Thanks all… I'll go over the steps in the blog but the short answer is I use the sides of the box as a bending form and clamp the strips to accept the curve. Actually I just rip a gentle, random curve on the bandsaw then glue a strip between the two parts and clamp them together. Try to make sure the bottom of the two pieces are flat as can be. When it dries I just cut another curve then glue those two parts together and just keep adding strips until I have all the strips (lines) that I want. Steam bending would be a good option. Another is to just use double or triple up on thinner strips. If you use the same color wood you'd get a thicker line, but you could also use contrasting colors.

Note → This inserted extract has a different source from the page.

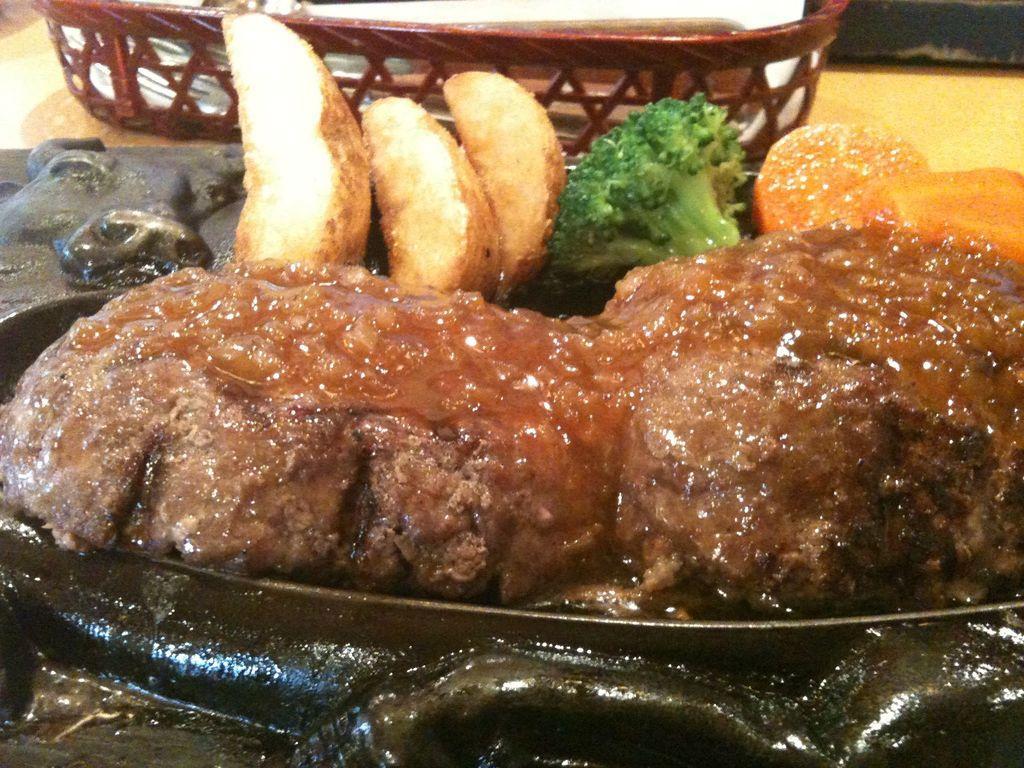In one or two sentences, can you explain what this image depicts? In the image there are some cooked food items and broccoli served in a plate.

The easiest way is to use 6/4 or 8/4 wood, although you can also use 4/4 stock, cut it to lenght with square ends, then resaw it in half to get two bookmatched parts from which you then cut the ends and sides in a way that they match all the way around. Then you cut each edge 45 degrees while keeping as much of the face of each part as you can. When you make your crosscuts to make the sides and ends of the box, it is helpful to use the thinnest blade you can while keeping the cut as square as possible. A 1/8" kerf removes 1/16" from each side of the corner so depending on the steepness of the curve at that point, it is possible for the lines to be off slightly at each corner. A thin blade minimizes the error.

Save the left over corner pieces (cut offs) as you can glue these to the inside corners to reinforce the joint and as legs to support a tray. They can also be lined up in a way that the lines match on the inside of the box.

The bottom picture above with the protruding strips shows a variation on this method and is a little more complex, but as the picture shows, it is still possible to match the strips at each corner. There are three ways to wrap the wood that I know of and will go over these in the blog.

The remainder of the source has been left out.